Yes. Please remind me. Like a systems engineer (another very popular title in today’s job market), a systems analyst can mean different things to different people.
For example, at UVA, a systems engineer is essentially an IE at VT; at GMU, a systems engineer is essentially an information systems analyst; at VT, a systems engineer historically has be a defense systems or manufacturing systems person.
(With me involved at VT, a systems engineer now includes an organizational systems/management consulting aspect.)
12.
Your 2 rules for using management tools are to pay attention to detail, and don’t lose the forest for the trees. Don’t these two rules contradict each other?
Great question. We must know context (the forest). Good management is about focusing on the right detail. Bad management is about focusing on the wrong detail.
Like most real engineering, we have a series of seemingly contradictory constraints on us and have to optimize (if you’re an IE) or satisfice (if you’re most other kinds of engineer) the situation within the constraints.
13.
How can we develop better communication skills?
Hard work. I believe the next two to three weeks will give you an idea of steps you can take.
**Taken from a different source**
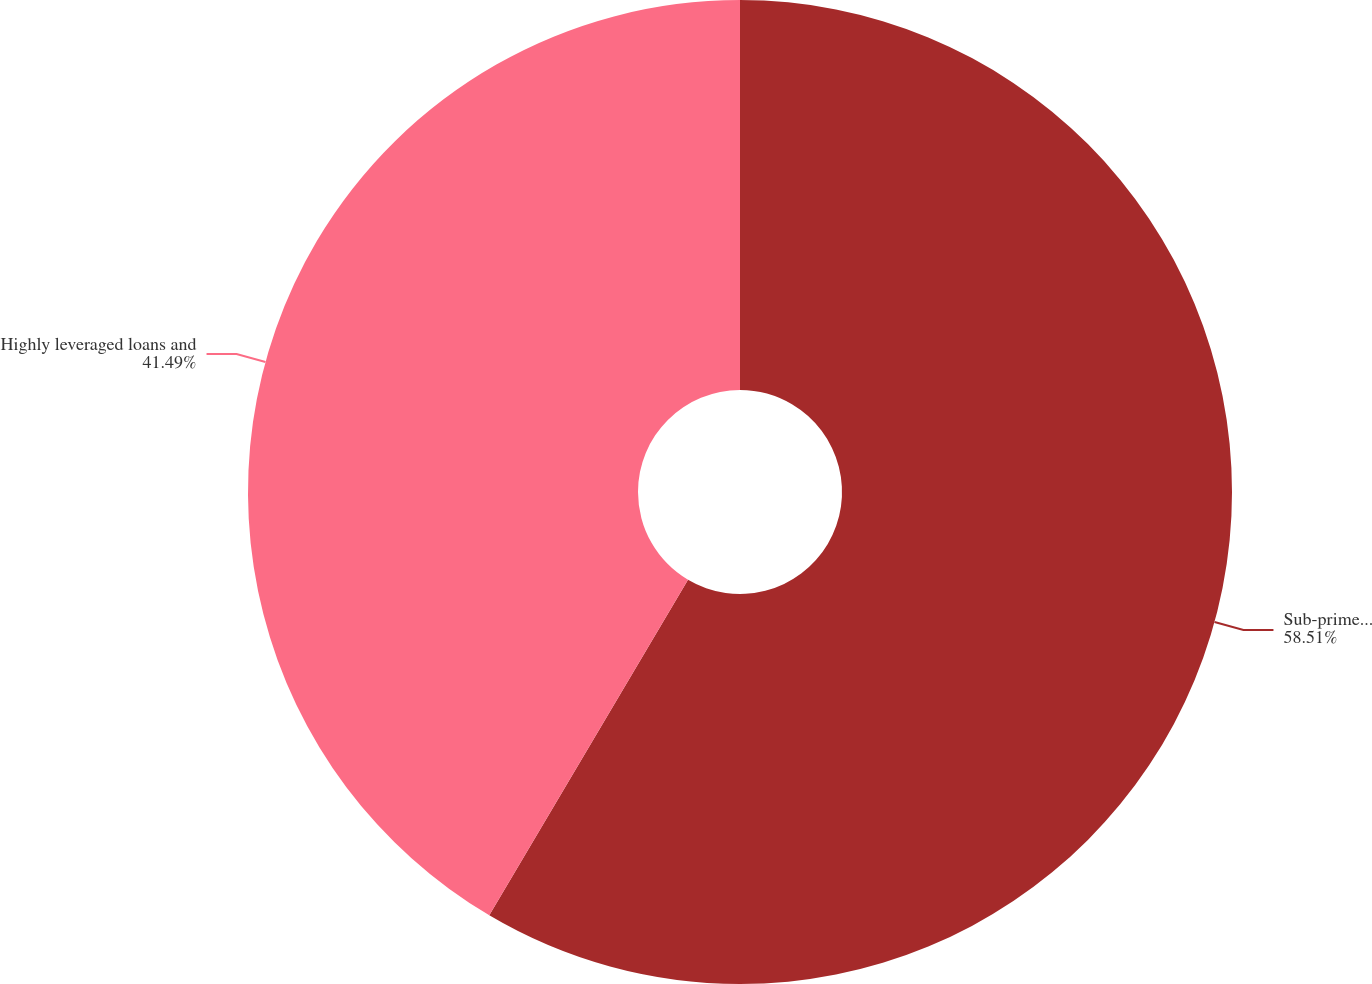Convert chart to OTSL. <chart><loc_0><loc_0><loc_500><loc_500><pie_chart><fcel>Sub-prime related direct<fcel>Highly leveraged loans and<nl><fcel>58.51%<fcel>41.49%<nl></chart> 
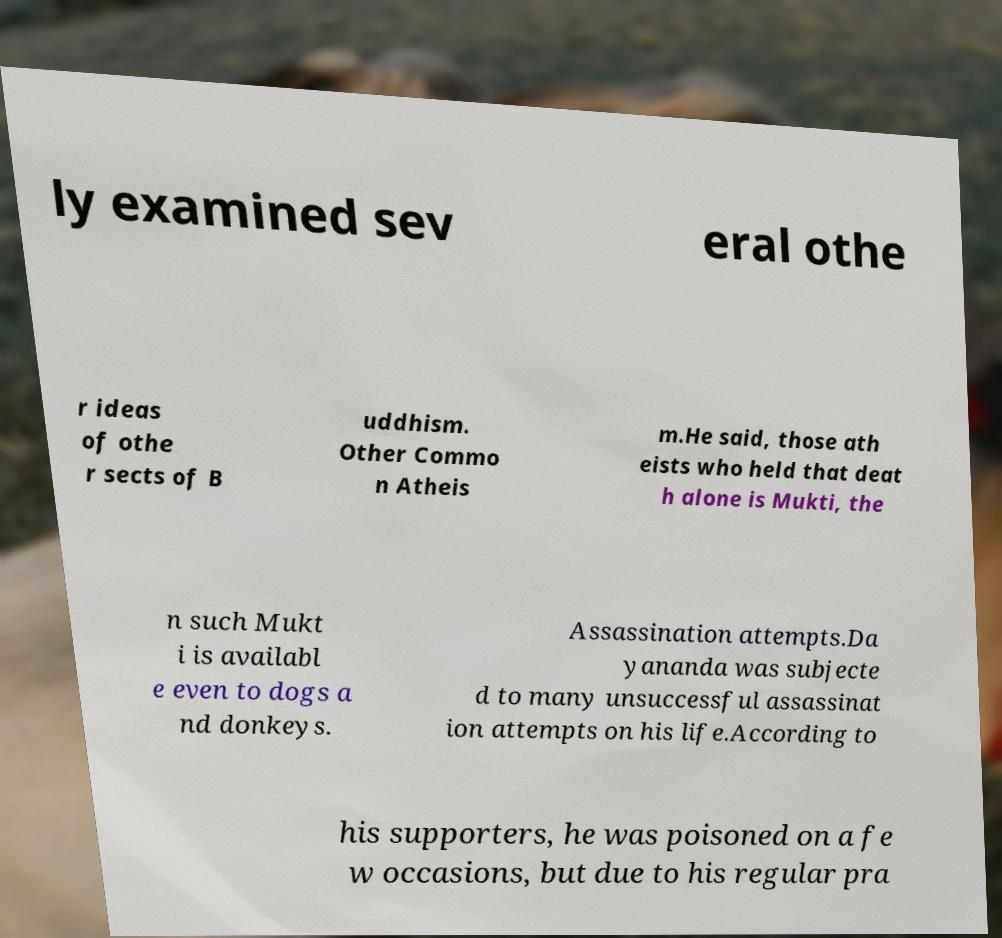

Of course, there are many steps you can take and each of us might choose a different step to start.
14.
Will internalizing all of the presented concepts make me a good manager?
I assume you mean supervisor. However, a good manager is a good decision maker.
The concepts will help becoming a good decision maker a whole lot. Remember
James Autry’s comment that leadership (and supervision) is a calling and is as much a heart thing as a head thing.
15.
Could you please give more examples of “driving the management of the uncertain pursuit to the next more certain pursuit”
I think you can generate any number of examples by picking a pursuit and identifying its category, for example, a project. How do we drive the senior design project to the next more certain pursuit? By making a process of it. Bill Schmidt’s job is to make a process out of the senior design projects.
16.
Can you give an example in succession of policies, plans, procedures, and instructions?
In the university, we have policies governing everything, for example, hiring people.
We also have plans—some written down, some not, for example, IE has a plan for hiring a number of new faculty and has set up a committee to carry out that plan.
Within the university, there are prescribed steps (procedures) for doing the hiring. If we skip a step or do a step wrong, we’re in trouble. Most of the steps have written
instructions for how to do that step. We give the instructions to the person assigned to do the step and they follow the instructions.
17.
You seem to imply that a management systems engineer is most useful as a consultant more so than a full time employee. Do you find this to be true?
Maybe so. It depends on how you define consultant. We have independent consultants and consulting companies. The two largest hirers of VT engineers are
Anderson Consulting and AMS, both of which are essentially consulting companies.
In these companies you do or manage projects related to almost anything. You don’t necessarily consult as such (whisper wisdom in someone’s ear). You make deliver a product—usually a management tool or an improvement in a work process. There are companies like Proctor and Gamble that have management systems engineering departments. They are like an internal AMS.